Phenolic is a great material. Stable, machinable and can withstand compression. Just be careful when machining and avoid breathing the dust. 

Paul.


----------



## Robert LaLonde (Nov 18, 2017)

samthedog said:


> Phenolic is a great material. Stable, machinable and can withstand compression. Just be careful when machining and avoid breathing the dust.
> 
> Paul.


That's probably good advice for anything.  Avoid breathing the dust.


----------



## uncle harry (Nov 18, 2017)

Bob La Londe said:


> Its used for making gears, bushing, and rollers so it should be able to handle basic oils.  I guess I'll find out.  Can't speak for the SC520 with distilled water for my flood coolant, but I can drop Master Chemical an email and find out.  They are usually pretty responsive.  The thing is if more than cursory crap gets in a height setter it has to be taken apart, cleaned, and readjusted anyway as it will gum up.
> 
> These are not to be permanently mounted for fully automated tool changes.  In fact if I was setup for fully automated tool changes I would not need them at all.  Just enter all the tool heights in the tool table.



My first car, a 1950 Chevrolet, had a phenolic timing gear that ran in oil.

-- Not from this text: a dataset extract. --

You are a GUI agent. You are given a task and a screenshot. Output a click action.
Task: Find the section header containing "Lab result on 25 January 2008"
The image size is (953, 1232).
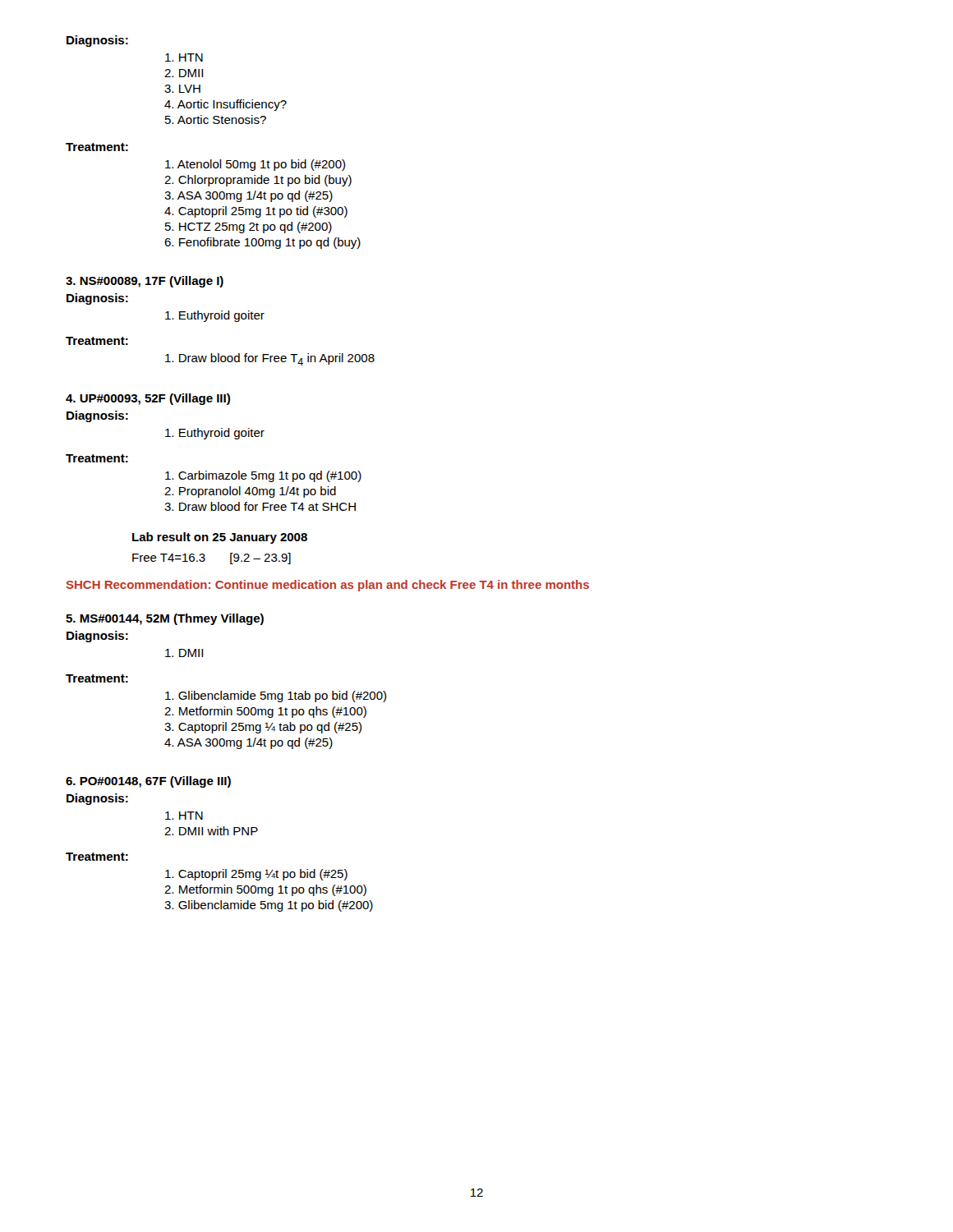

My Harrison M300 has a phenolic gear in the headstock gear train for feeds & threads.


----------



## pdentrem (Nov 18, 2017)

They were still using phenolic timing gear in the '90. Particularly the Buick 3.8V6 that we serviced at the dealership. Many Small Block Chev V8s also ran the large cam gear which was phenolic. The reason was for lower chain noise. 
Pierre


----------



## pdentrem (Nov 18, 2017)

samthedog said:


> Phenolic is a great material. Stable, machinable and can withstand compression. Just be careful when machining and avoid breathing the dust.
> 
> Paul.



My lady and I were in Nordagutu earlier this summer visiting family.
Pierre


----------



## Wreck™Wreck (Nov 18, 2017)

Bob La Londe said:


> Yep, and if you compare like sizes (I used 3/4inch diameter for a baseline for comparing materials) its over $10 per inch



You failed to add "cheapest possible" machinable non compressible insulator, glass and granite are also machinable though not cheaply.


----------



## Robert LaLonde (Nov 18, 2017)

Wreck™Wreck said:


> You failed to add "cheapest possible" machinable non compressible insulator, glass and granite are also machinable though not cheaply.

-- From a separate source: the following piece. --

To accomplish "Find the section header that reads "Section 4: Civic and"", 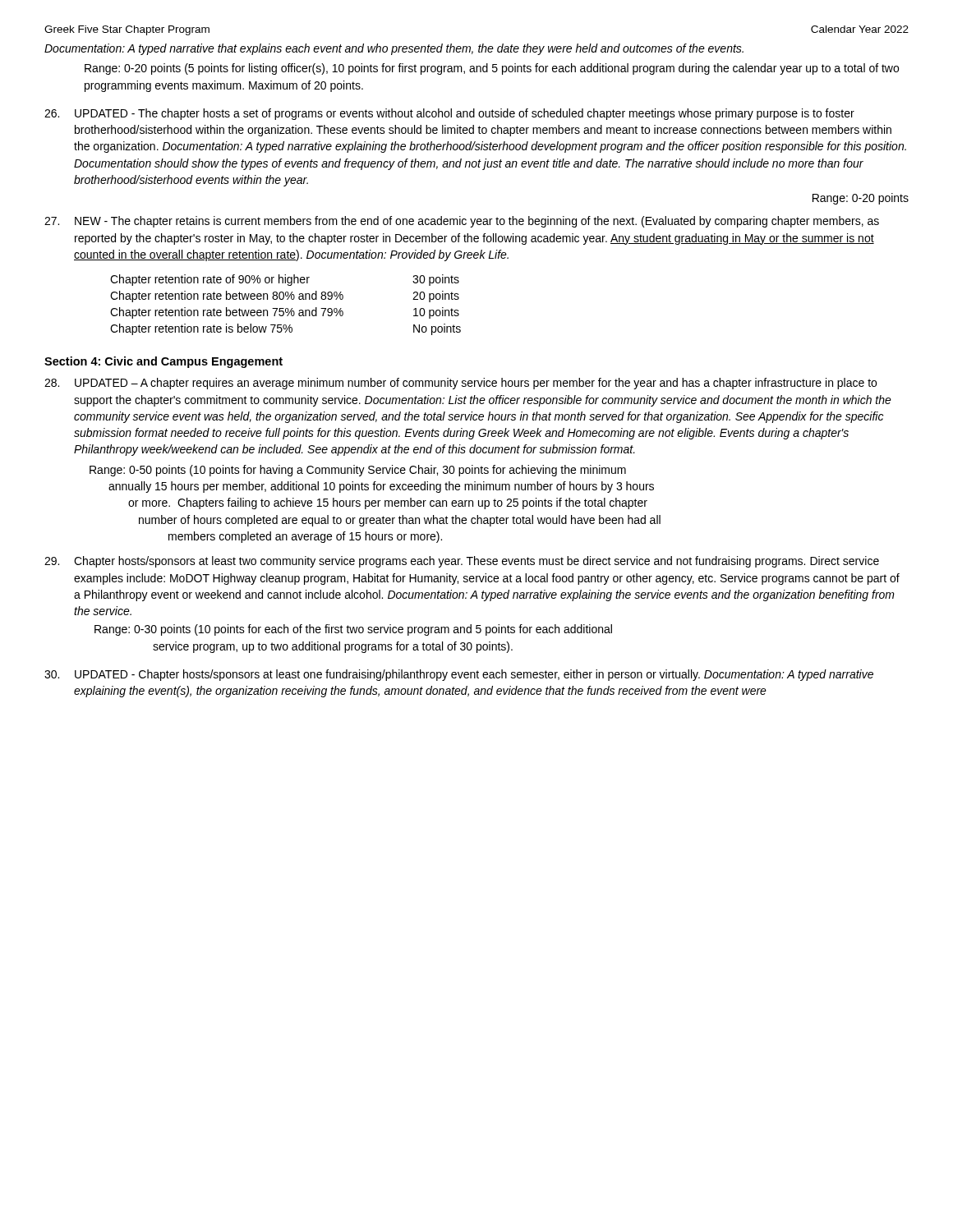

LOL.  Cheapest possible?  No I am sure I can find something cheaper.  Glass and granite have to be ground and polished.  While grinding is part of machining the clarification should be easily machinable.  I'm always amused when people are spending somebody else's money they don't care how much it costs.  LOL.


----------



## Wreck™Wreck (Nov 18, 2017)

I can't spend your money only you and possibly your Wife can do that (-:

You inquired about a material for a specific application in a measuring tool and I supplied one that would work well and is not over the top expensive unless your threshold of expensive is more then $0


----------



## Robert LaLonde (Nov 18, 2017)

Wreck™Wreck said:


> I can't spend your money only you and possibly your Wife can do that (-:
> 
> You inquired about a material for a specific application in a measuring tool and I supplied one that would work well and is not over the top expensive unless your threshold of expensive is more then $0



Thank you for that.  I did look at machinable ceramics.  Now you are just being an obtuse * ____ , but this is the Internet and that is to be expected.  Thank you for your useful suggestion, and to a lesser degree for your less useful suggestion as well. 


_* appropriately and equally insulting, but not vulgar.  _


----------



## Wreck™Wreck (Nov 18, 2017)

Should I be offended? I am terribly sensitive you know.


----------



## KBeitz (Sep 20, 2018)

phenolic Table Saw Inserts  sold on E-bay works great for insulators.  


https://www.ebay.com/itm/Leecraft-D...m=292701468313&_trksid=p2047675.c100005.m1851


----------